▸ **Exercise inputs**
============

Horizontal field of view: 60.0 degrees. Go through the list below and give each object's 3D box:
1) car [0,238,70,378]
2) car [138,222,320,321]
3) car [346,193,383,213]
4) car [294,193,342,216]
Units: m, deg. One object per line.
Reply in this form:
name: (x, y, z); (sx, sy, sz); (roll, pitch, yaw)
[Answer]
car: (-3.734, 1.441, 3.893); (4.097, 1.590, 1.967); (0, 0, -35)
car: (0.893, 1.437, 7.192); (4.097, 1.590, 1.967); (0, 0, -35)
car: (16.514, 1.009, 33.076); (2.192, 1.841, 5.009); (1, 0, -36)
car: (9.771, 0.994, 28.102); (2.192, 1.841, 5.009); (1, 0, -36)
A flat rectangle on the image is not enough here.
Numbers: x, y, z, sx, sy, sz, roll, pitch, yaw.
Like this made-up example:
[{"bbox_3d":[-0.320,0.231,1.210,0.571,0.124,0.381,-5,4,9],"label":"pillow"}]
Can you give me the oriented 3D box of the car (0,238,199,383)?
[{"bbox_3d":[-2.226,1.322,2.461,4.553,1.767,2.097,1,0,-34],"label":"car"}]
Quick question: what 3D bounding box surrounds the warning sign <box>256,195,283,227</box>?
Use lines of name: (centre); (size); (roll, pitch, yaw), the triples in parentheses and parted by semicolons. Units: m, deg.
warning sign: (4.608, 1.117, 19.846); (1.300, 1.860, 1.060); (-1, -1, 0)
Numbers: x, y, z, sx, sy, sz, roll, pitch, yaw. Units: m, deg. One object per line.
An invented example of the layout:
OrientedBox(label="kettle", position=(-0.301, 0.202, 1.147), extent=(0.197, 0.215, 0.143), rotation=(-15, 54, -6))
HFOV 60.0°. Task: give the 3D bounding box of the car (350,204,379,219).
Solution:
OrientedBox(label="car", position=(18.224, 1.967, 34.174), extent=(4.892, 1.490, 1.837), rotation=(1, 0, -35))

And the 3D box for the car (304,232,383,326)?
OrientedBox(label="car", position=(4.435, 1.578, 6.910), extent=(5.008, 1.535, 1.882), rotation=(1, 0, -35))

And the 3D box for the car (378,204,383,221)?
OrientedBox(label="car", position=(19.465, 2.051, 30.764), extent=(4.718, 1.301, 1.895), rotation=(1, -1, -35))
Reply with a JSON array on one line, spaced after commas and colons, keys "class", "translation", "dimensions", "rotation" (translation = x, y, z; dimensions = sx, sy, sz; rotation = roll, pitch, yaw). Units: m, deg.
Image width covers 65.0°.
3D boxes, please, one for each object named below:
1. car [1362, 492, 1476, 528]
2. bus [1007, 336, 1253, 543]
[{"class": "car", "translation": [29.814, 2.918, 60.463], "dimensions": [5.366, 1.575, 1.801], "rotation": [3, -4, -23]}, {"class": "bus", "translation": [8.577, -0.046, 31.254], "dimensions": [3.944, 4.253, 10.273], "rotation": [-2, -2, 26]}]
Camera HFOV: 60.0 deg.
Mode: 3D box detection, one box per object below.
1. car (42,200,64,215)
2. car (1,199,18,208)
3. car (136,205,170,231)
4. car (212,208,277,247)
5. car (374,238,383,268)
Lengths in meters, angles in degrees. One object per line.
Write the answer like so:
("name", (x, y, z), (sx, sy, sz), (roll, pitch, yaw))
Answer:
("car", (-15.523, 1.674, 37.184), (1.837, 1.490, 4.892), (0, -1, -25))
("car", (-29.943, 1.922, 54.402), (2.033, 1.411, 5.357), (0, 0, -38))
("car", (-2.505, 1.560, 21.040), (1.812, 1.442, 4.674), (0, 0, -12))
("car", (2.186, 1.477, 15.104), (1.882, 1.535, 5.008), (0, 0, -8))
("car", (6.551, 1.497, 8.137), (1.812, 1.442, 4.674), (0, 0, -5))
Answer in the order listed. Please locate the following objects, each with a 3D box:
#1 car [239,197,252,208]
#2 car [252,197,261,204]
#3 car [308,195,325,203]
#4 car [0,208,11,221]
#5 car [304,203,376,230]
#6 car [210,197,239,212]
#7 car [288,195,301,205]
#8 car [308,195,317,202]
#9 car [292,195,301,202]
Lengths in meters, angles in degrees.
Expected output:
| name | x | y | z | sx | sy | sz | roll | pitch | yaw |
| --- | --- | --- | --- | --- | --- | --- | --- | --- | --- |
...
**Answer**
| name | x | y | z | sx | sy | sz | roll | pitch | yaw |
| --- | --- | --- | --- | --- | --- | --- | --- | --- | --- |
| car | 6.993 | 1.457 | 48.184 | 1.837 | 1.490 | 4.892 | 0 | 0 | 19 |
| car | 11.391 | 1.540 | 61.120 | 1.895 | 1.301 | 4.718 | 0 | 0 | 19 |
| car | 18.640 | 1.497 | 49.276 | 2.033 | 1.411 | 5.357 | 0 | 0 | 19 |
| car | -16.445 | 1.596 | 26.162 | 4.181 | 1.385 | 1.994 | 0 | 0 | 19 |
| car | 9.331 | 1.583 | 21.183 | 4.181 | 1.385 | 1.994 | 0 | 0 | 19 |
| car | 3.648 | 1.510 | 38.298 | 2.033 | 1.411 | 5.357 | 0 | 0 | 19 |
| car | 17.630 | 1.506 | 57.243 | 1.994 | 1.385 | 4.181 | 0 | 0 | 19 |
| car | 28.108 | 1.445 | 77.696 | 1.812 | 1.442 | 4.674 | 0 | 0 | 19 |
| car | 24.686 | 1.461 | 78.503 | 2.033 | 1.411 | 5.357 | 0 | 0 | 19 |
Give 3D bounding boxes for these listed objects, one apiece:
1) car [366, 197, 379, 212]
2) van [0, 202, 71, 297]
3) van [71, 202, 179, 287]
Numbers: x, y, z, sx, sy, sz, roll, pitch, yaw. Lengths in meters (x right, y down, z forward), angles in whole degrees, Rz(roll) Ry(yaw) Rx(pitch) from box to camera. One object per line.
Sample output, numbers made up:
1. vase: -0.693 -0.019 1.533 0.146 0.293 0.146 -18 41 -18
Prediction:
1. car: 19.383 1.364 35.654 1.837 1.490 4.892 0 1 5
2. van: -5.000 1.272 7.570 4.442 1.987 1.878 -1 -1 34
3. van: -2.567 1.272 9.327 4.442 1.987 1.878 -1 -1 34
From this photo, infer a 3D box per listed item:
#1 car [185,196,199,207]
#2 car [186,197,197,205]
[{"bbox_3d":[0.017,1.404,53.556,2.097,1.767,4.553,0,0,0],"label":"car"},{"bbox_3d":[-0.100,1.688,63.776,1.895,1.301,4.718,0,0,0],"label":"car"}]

============

▸ **Brief**
The reply should be nothing but the number of lines in the entries that include "this".

▸ **Response area**
3